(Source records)
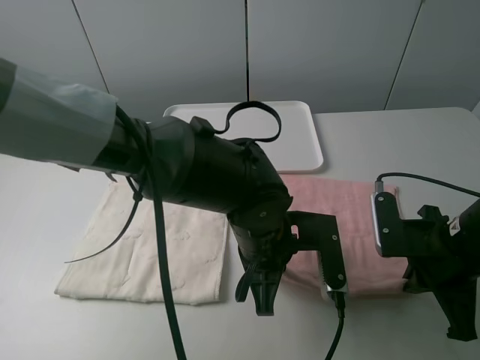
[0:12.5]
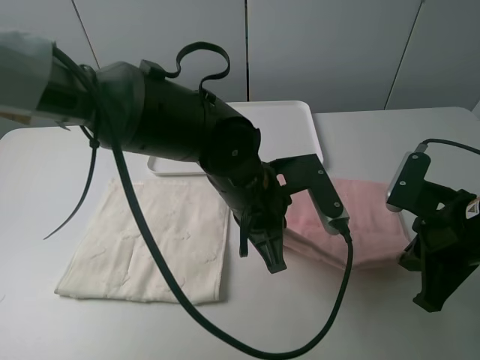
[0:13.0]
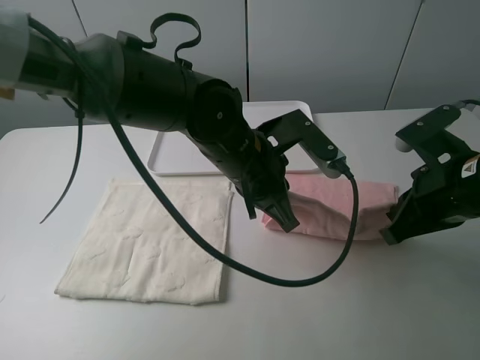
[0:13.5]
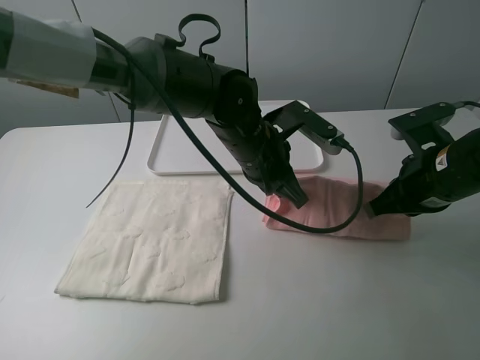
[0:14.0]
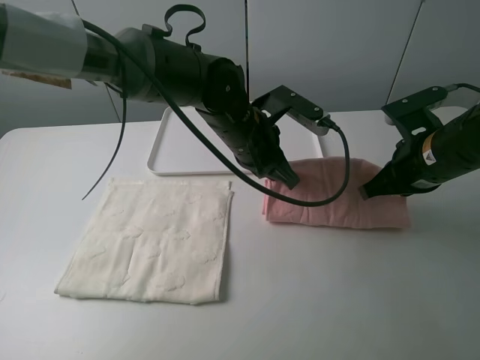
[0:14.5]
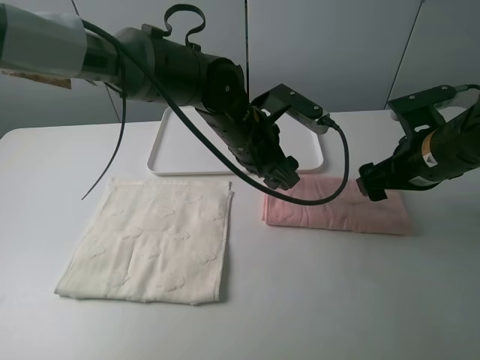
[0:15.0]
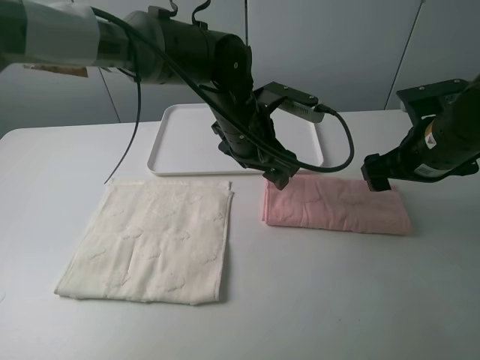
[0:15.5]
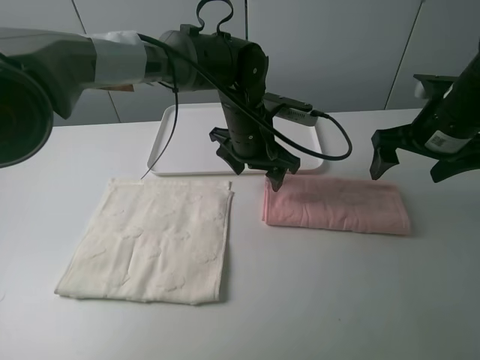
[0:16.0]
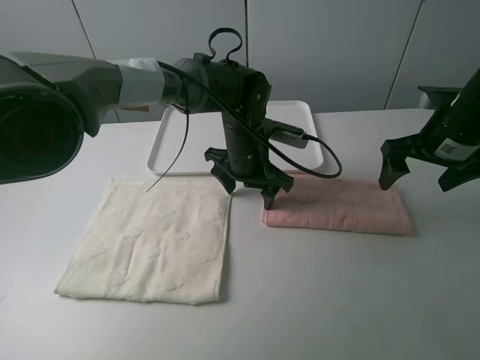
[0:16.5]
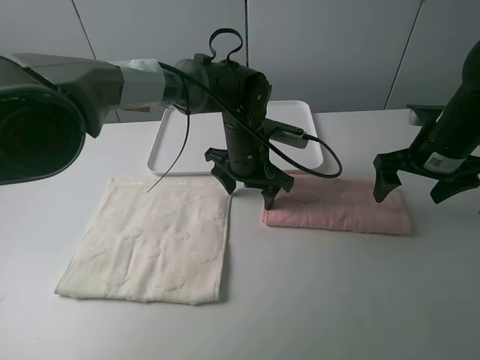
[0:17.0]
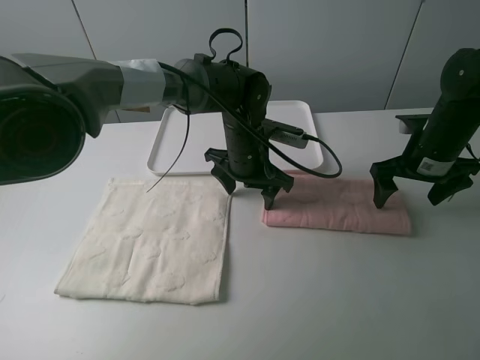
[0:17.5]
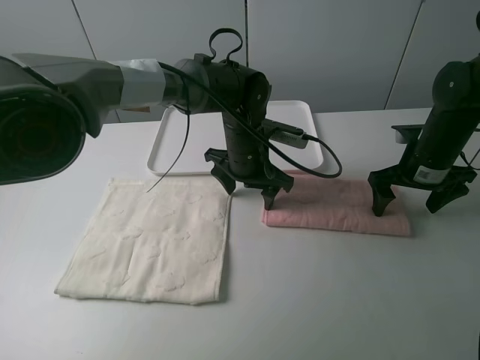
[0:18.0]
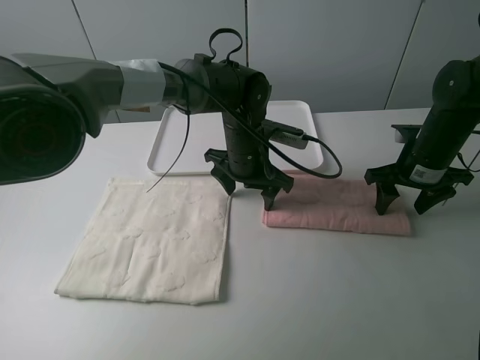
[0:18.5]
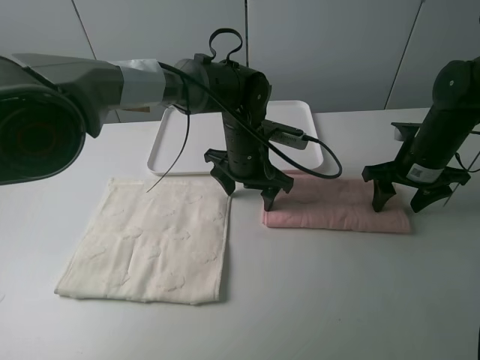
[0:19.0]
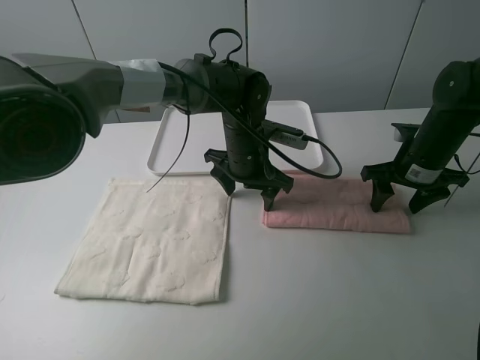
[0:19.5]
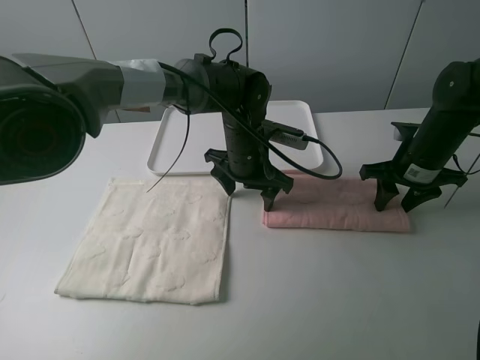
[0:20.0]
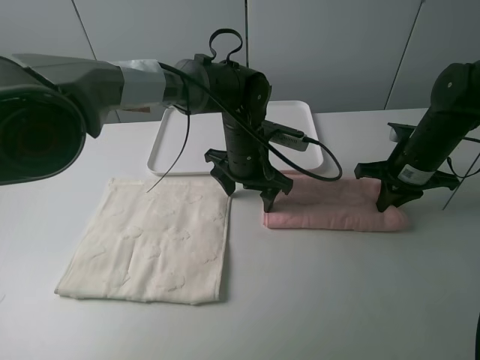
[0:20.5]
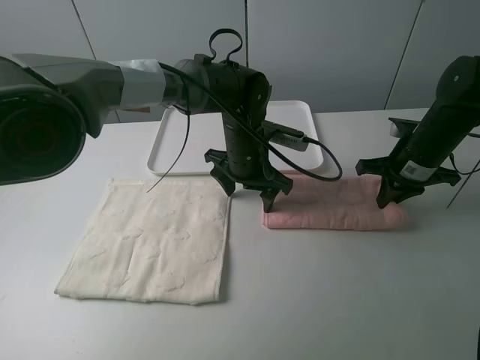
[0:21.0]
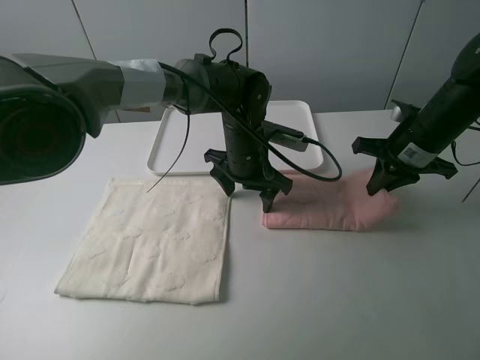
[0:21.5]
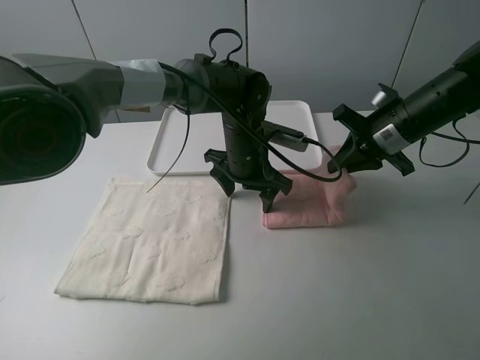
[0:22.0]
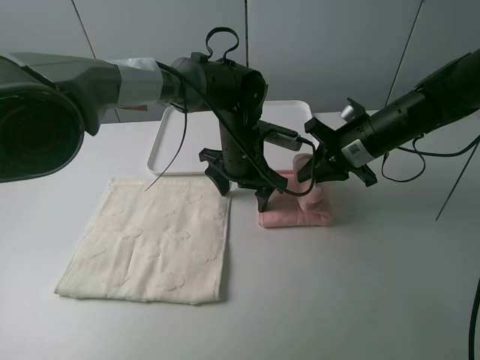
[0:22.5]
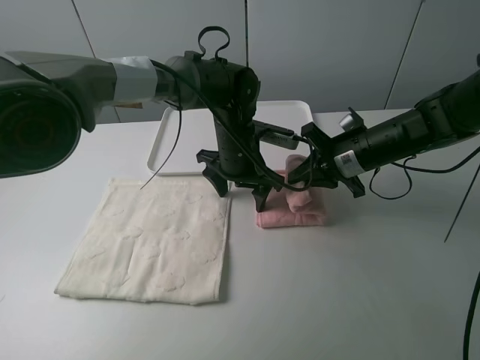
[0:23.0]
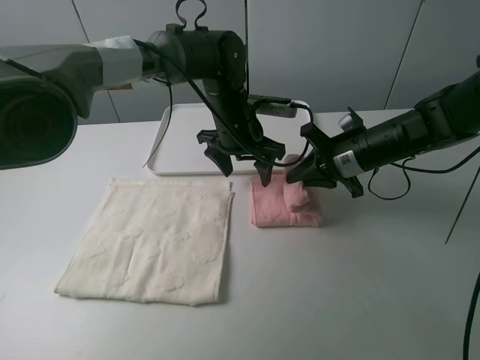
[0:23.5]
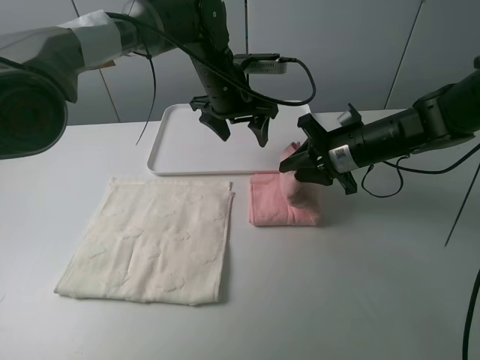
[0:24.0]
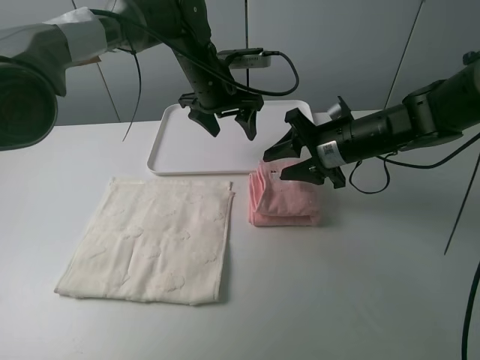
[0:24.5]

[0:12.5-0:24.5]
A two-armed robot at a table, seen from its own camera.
Task of the whole recording: fold one of the towels by two grippers and place it on the tray,then fold another towel by two grippers and place it on the folded towel.
Step, 0:12.5 to 0:15.0: Fold the pink towel upwards with the left gripper.
Step, 0:15.5 to 0:16.5: Press the pink towel with the left gripper.
Step, 0:17.0 to 0:20.5: Grasp the pink towel with the right gripper.
Step, 0:21.0 to 0:24.0: Fold the pink towel from right to left with right gripper.
0:12.5 to 0:14.5: Both grippers move forward, approximately 10 cm.
0:14.5 to 0:16.5: The right gripper shifts by some 5 cm, and opens. Meanwhile the left gripper moves some 5 cm, and opens.
0:16.5 to 0:18.5: The right gripper heads downward, covering about 5 cm.
0:18.5 to 0:20.5: The right gripper closes its fingers.
0:20.5 to 0:22.5: The right gripper shifts some 10 cm to the left.
0:22.5 to 0:24.5: The right gripper opens its fingers, while the left gripper is displaced forward, upward and to the left by some 15 cm.

» Task item
Please print each entry exactly as it stands, without the pictures.

» Exercise answer
[0:12.5]
[0:13.0]
[0:13.5]
[0:14.0]
[0:14.5]
[0:15.0]
[0:15.5]
[0:16.0]
[0:16.5]
[0:17.0]
[0:17.5]
[0:18.0]
[0:18.5]
[0:19.0]
[0:19.5]
[0:20.0]
[0:20.5]
[0:21.0]
[0:21.5]
[0:22.0]
[0:22.5]
[0:23.0]
[0:23.5]
[0:24.0]
[0:24.5]

[0:12.5-0:24.5]
A two-armed robot at a table, seen from its own camera.
Task of the whole recording: fold one of the towels by two grippers and place it on the tray,then fold another towel by two grippers and place it on the folded towel.
Step, 0:12.5 to 0:15.0: Fold the pink towel upwards with the left gripper.
Step, 0:15.5 to 0:16.5: Press the pink towel with the left gripper.
Step, 0:17.0 to 0:20.5: Grasp the pink towel with the right gripper.
Step, 0:21.0 to 0:24.0: Fold the pink towel from right to left with right gripper.
0:12.5 to 0:14.5: Both grippers move forward, approximately 10 cm.
0:14.5 to 0:16.5: The right gripper shifts by some 5 cm, and opens. Meanwhile the left gripper moves some 5 cm, and opens.
0:16.5 to 0:18.5: The right gripper heads downward, covering about 5 cm.
0:18.5 to 0:20.5: The right gripper closes its fingers.
0:20.5 to 0:22.5: The right gripper shifts some 10 cm to the left.
0:22.5 to 0:24.5: The right gripper opens its fingers, while the left gripper is displaced forward, upward and to the left by some 15 cm.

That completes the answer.